15.4. The Receiving Party agrees to use the Confidential Information solely in connection with the current or contemplated business relationship between the parties and not for any purpose other than as authorized by this Agreement without the prior written consent of an authorized representative of the Disclosing Party. No other right or license, whether expressed or implied, in the Confidential Information is granted to the Receiving Party hereunder. Title to the Confidential Information will remain solely in the Disclosing Party. All use of Confidential Information by the Receiving Party shall be for the benefit of the Disclosing Party and any modifications and improvements thereof by the Receiving Party shall be the sole property of the Disclosing Party.

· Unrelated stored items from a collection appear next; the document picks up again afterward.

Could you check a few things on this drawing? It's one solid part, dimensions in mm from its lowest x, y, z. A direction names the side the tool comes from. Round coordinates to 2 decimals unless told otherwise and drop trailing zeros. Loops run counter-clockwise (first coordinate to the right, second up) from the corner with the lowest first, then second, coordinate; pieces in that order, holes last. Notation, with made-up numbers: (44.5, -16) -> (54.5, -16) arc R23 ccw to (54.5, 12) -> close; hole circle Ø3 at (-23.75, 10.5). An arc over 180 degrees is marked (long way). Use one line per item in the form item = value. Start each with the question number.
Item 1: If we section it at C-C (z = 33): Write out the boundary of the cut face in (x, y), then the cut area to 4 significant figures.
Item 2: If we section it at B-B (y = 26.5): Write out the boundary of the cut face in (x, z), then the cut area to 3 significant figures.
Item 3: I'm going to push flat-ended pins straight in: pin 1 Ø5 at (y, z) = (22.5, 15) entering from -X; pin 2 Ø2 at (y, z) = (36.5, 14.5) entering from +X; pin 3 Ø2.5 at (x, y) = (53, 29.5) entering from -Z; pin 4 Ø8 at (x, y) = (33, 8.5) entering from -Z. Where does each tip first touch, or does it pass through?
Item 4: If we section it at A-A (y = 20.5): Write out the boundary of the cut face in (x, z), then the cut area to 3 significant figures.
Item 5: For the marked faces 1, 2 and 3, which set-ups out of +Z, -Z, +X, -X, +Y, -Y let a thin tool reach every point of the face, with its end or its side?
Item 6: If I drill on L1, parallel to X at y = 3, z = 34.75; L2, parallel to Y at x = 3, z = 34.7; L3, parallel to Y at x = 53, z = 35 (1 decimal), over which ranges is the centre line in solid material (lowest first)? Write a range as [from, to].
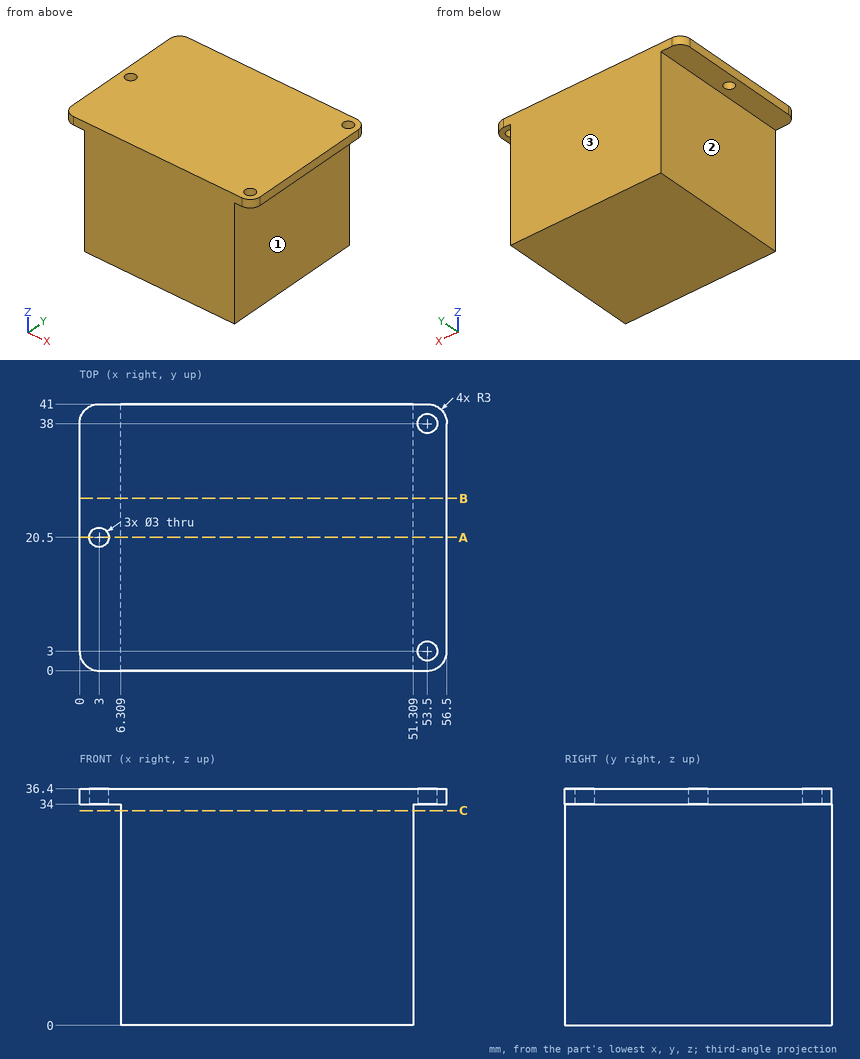
Values found:
q1.outline = (6.31, 0) -> (51.31, 0) -> (51.31, 41) -> (6.31, 41) -> close
q1.area = 1,845 mm2
q2.outline = (0, 34) -> (6.31, 34) -> (6.31, 0) -> (51.31, 0) -> (51.31, 34) -> (56.5, 34) -> (56.5, 36.4) -> (0, 36.4) -> close
q2.area = 1,670 mm2
q3.pin_1 = 6.31
q3.pin_2 = 51.31
q3.pin_3 = 34
q3.pin_4 = 0
q4.outline = (0, 34) -> (1.5, 34) -> (1.5, 36.4) -> (0, 36.4) -> close; (4.5, 34) -> (6.31, 34) -> (6.31, 0) -> (51.31, 0) -> (51.31, 34) -> (56.5, 34) -> (56.5, 36.4) -> (4.5, 36.4) -> close
q4.area = 1,660 mm2
q5.face_1 = -Z, +X, +Y, -Y
q5.face_2 = -Z, -X, +Y, -Y
q5.face_3 = +Z, -Z, +X, -X, +Y
q6.L1 = [0, 52], [55, 56.5]
q6.L2 = [0, 19], [22, 41]
q6.L3 = [0, 1.6], [4.4, 36.6], [39.4, 41]

Notwithstanding any obligation mentioned hereinabove the Client:
a) will copy, reproduce or otherwise retransmit Confidential Information only as it may reasonably be necessary for the purpose approved (in writing) by PTV (prominently marking each copy, reproduction or retransmission as confidential) and kee Confidential Information under security conditions no less rigorous than those used for the Client’s own Confidential Information of equivalent sensitivity, but no less than reasonable care under the circumstances, and in any event take reasonable precautions for its safe custody.
b) will not reverse engineer, disassemble or decompile any part of the Confidential Information without written consent of PTV.
a) The Parties agree not to disclose any Confidential Information, including the existence of discussions concerning a possible business cooperation between the Parties, to any third Party without the prior written consent of the other Party.
b) The terms of this agreement are applicable to each party’s subsidiaries, whether partly or wholly owned
15.5. The Client shall safeguard and secure Confidential Information in such a way that any abuse by or disclosure to third parties is excluded.
15.6. For a period of two (2) years from the conclusion of the Agreement, the Client shall refrain, and shall procure that the Client's affiliates refrain, from:
a) influencing or attempting to influence any customer, supplier, consultant or other third party maintaining a contractual or other business relationship with PTV or any affiliate of PTV to terminate or discontinue such relationship or to reduce the volume of goods or services provided thereunder; or
b) soliciting or attempting to solicit the service or employment of any current or future director, officer or employee of PTV or any affiliate of PTV.
§16. Contractual Penalty
The Client shall pay to PTV for each instance of a culpable breach of the obligations pursuant to these GTC, particularly, but not limited to, the illegitimate use or exploitation of Deliveries and/or a breach of the duties of Secrecy and Safekeeping, a reasonable contractual penalty to be determined by PTV and verified as to its reasonableness by the competent court in case of dispute. PTV reserves the right to claim further damages and to exercise any other rights related to such breach.
§17. Applicable Law, Venue
17.1. The law of the Federal Republic of Germany to the exclusion of the German rules on conflict of laws and the UN CISG dated 11 April 1980 applies to the Agreement and all legal relations between PTV AG and the Client.
17.2. If the Client is a Merchant, a legal person governed by public law or a legal entity governed by public law, or if the Client has no venue within Germany, the venue for all disputes arising under or in connection with the Agreement is the registered office of PTV AG.
§18. Written Form
Simple electronic form (email or fax) is sufficient to satisfy any written form requirement stipulated in these GTC; this does not apply to notices of termination or withdrawal which shall always require delivery of an original document signed by the respective Contracting Party.